Ivan ressalta, ainda, que dá para levar as descobertas da biogeografia juntamente com conteúdos mais tradicionais do currículo escolar, como biodiversidade, domínios morfoclimáticos, áreas endêmicas, além da questão socioambiental. No caso desta última, a biogeografia estimula o debate sobre os riscos e impactos de desmatamentos, queimadas, da pesca e caça predatórias. “Essa é uma maneira de discutir a necessidade de proteger as espécies de plantas e animais de cada região, sob pena de perdermos essa diversidade por causa de uma exploração predatória do território”, afirma Ivan.
O sabor das frutas
Depois de pesquisar sobre o tema, Aline abriu a conversa perguntando aos estudantes quais frutas eles conheciam, de quais gostavam mais e onde costumavam encontrá-las. Como a escola se localiza em uma região periférica, com muitos alunos em situação de extrema pobreza, o assunto era delicado, já que as frutas e legumes são caros e nem sempre as famílias têm condições de comprá-los. Um dos alunos, porém, se lembrou das frutas no quintal da avó e contou isso para os colegas. A partir daí, a turma se animou a conversar sobre o assunto. Um ponto alto da atividade envolveu uma visita ao sacolão do bairro, localizado na esquina da escola. Com a autorização da gestão escolar e dos pais, e tendo em mãos um questionário preparado previamente, Aline e sua turma foram a campo para perguntar ao seu João, dono do estabelecimento, quais eram as frutas disponíveis no sacolão, quais eram mais consumidas e até se elas continham agrotóxicos. Ao final, com 50 reais disponibilizados pela professora, compraram e degustaram algumas delícias em sala de aula.

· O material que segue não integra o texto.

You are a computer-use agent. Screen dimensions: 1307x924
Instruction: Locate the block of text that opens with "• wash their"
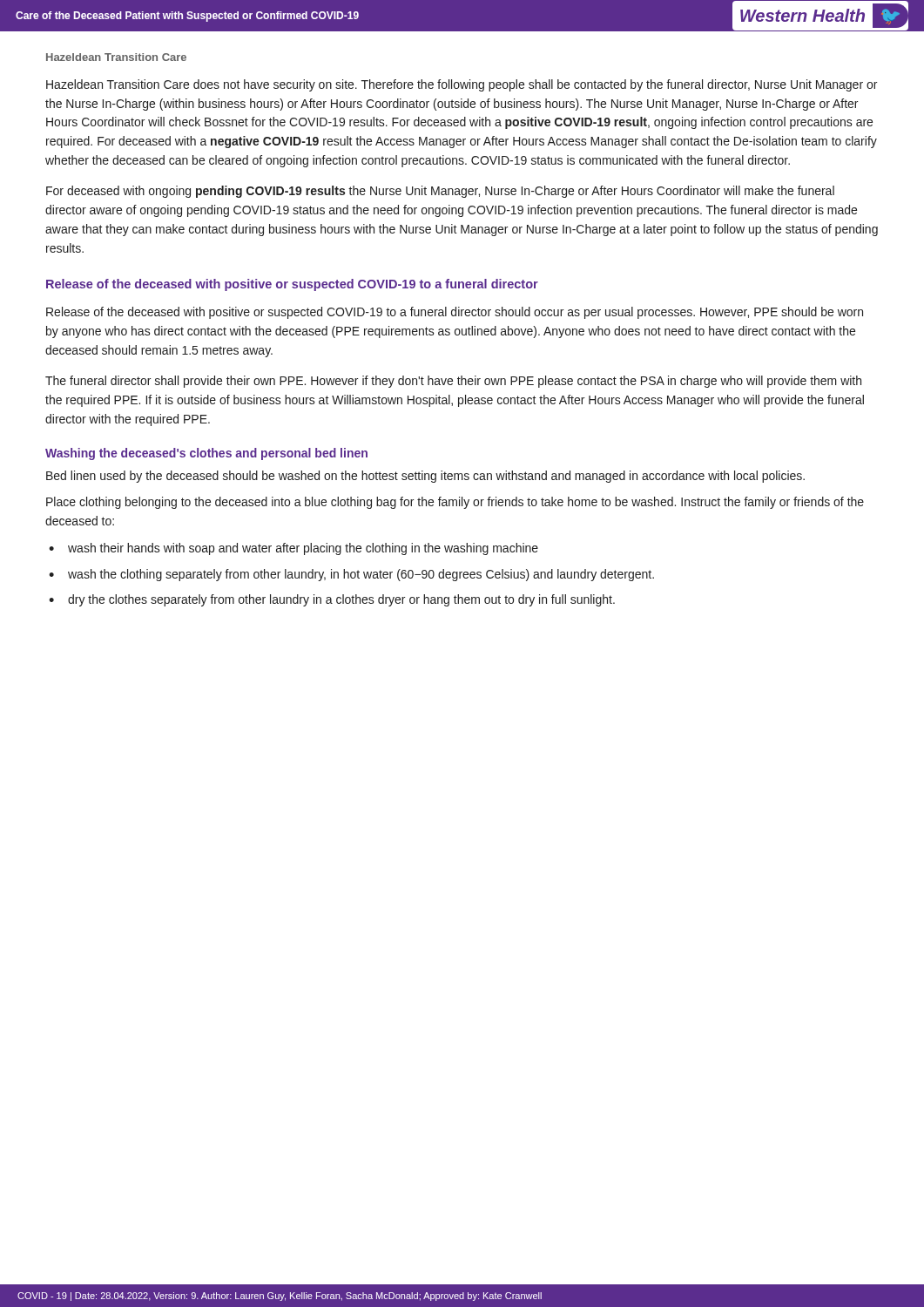pyautogui.click(x=462, y=550)

Além de apresentar frutas nativas dos biomas (veja alguns exemplos no mapa), a professora propôs que os alunos refletissem sobre a experiência a partir da leitura do livro Abecedário Poético de Frutas, de Roseana Murray. Depois, os alunos produziram poesias a partir da degustação. “Queria que eles tivessem uma experiência ao mesmo tempo sensorial e poética”, lembra Aline. Quem não conseguiu articular os pensamentos em poesia pôde optar por relatar as sensações em prosa. O aluno Alanderson, porém, impressionou a professora pela sensibilidade, relacionando o assunto com um fato triste de sua vida. Para ele, o abacate teve um gosto podre igual ao que sentiu quando sua avó cometeu suicídio. Em outra poesia, ele contou sobre o dia em que seu pai quebrou a perna ao provar uma goiaba.

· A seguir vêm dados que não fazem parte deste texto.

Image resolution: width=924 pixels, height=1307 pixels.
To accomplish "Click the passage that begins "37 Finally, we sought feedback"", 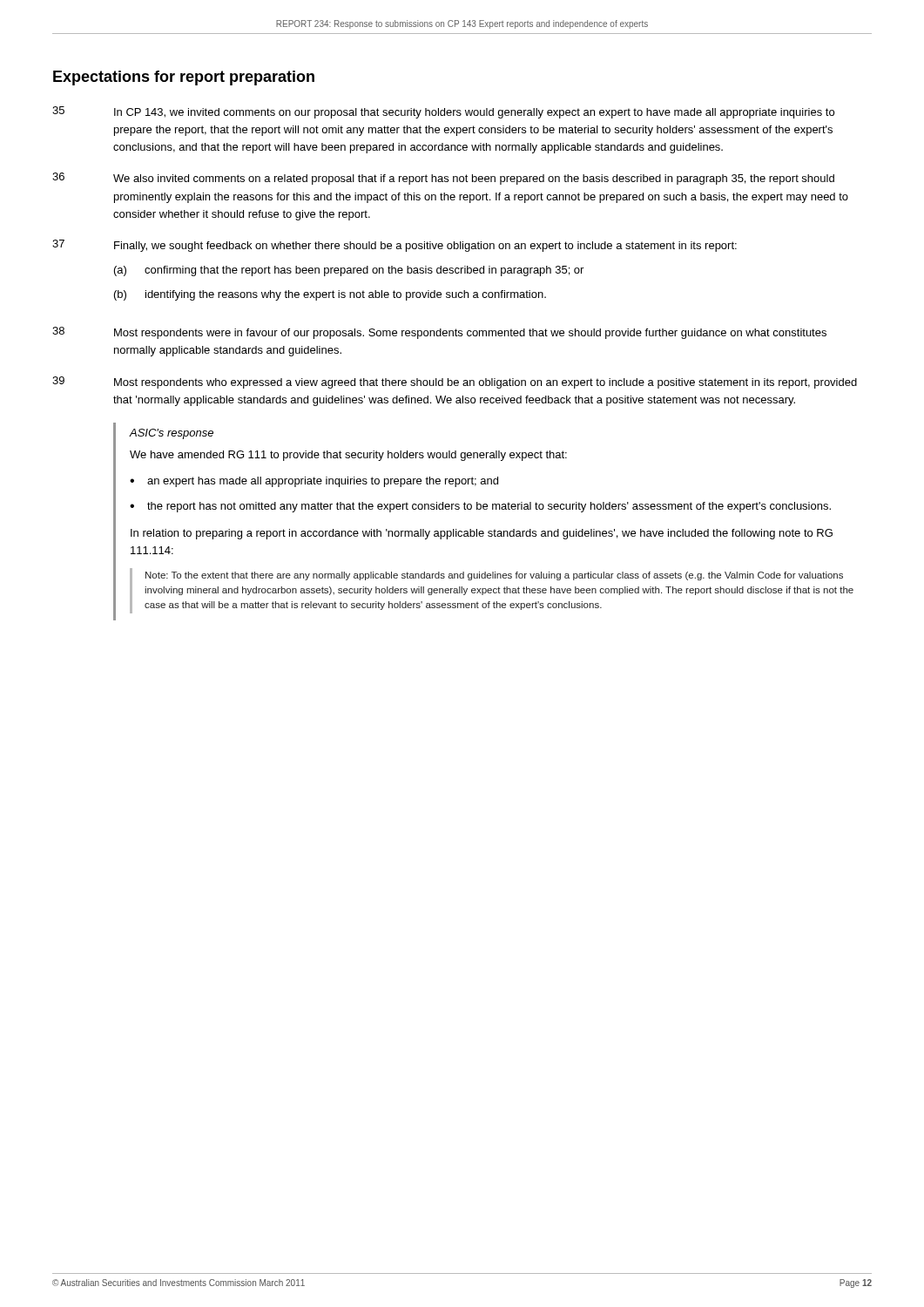I will [462, 274].

O projeto foi um dos 50 finalistas do Prêmio Educador Nota 10 em 2018. Sueli Furlan, professora do departamento de Geografia da USP e uma das selecionadoras do prêmio, aponta que um dos méritos de Aline foi associar a investigação científica a um conteúdo pouco abordado nas escolas públicas. Além disso, o trabalho valorizou a flora brasileira e tornou mais significativo o estudo dos biomas. “Mapear as frutas nativas valoriza a biodiversidade, e a ida ao sacolão é algo simples, que pode ser replicado em outras escolas”, diz Sueli. O projeto também rendeu outros frutos para a professora: relatado em artigo, foi apresentado para outros educadores em um congresso na Unicamp. Além disso, ela já prepara sua próxima empreitada: um projeto sobre as árvores brasileiras. “Os alunos saem da escola sem conhecer as árvores e as frutas do nosso território”, lamenta Aline. “Mas fiz um trabalho que juntou a dimensão natural e a humana, além de questões políticas e econômicas”, conclui a professora.
FRUTAS DE CADA BIOMA
AMAZÔNIA
Fruta: Açaí
Nome científico: Euterpe oleracea
Característica: A fruta tem elevado valor energético e é bastante consumida em sucos e doces.
Fruta: Cupuaçu
Nome científico: Theobroma grandiflorum
Característica: Volumoso e muito perfumado, o fruto é bem aproveitado em sorvetes e bombons.
CAATINGA
Fruta: Juá
Nome científico: Ziziphus joazeiro
Característica: De casca amarronzada, o fruto do juazeiro é ácido e adocicado e rico em vitamina C.
Fruta: Umbu
Nome científico: Spondias tuberosa
Característica: De sabor agridoce, tem alto valor nutritivo e é bastante disseminado na Região Nordeste.
PANTANAL
Fruta: Bocaiuva
Nome científico: Acrocomia aculeata
Característica: As frutas dão em cachos e são muito conhecidas em Mato Grosso do Sul.
Fruta: Guavira
Nome científico: Campomanesia xanthocarpa
Característica: Com muita vitamina C, a fruta amadurece rápido e tem sabor adstringente.
CERRADO
Fruta: Baru
Nome científico: Dipteryx alata
Característica: Também conhecido como cumaru, tem gosto amendoado e alto valor nutritivo.
Fruta: Coco-Guariroba
Nome científico: Syagrus oleraceae
Característica: Seus frutos apresentam uma amêndoa branca e são muito utilizados em doces caseiros.
PAMPAS
Fruta: Feijoa
Nome científico: Feijoa sellowiana
Característica: Nativa do Sul do Brasil, seu sabor lembra uma mistura de goiaba, banana e abacaxi.
Fruta: Pinhão
Nome científico: Araucaria angustifolia
Característica: A árvore dá um pseudofruto, cuja semente é o pinhão, muito importante na culinária regional.
MATA ATLÂNTICA
Fruta: Cambuci
Nome científico: Campomanesia phaea
Característica: Com sabor que mistura o limão e o melão, o fruto é muito comum em São Paulo.
Fruta: Jabuticaba
Nome científico: Plinia cauliflora
Característica: Muito encontradas em Minas Gerais, as frutinhas crescem nos galhos e até no tronco da árvore.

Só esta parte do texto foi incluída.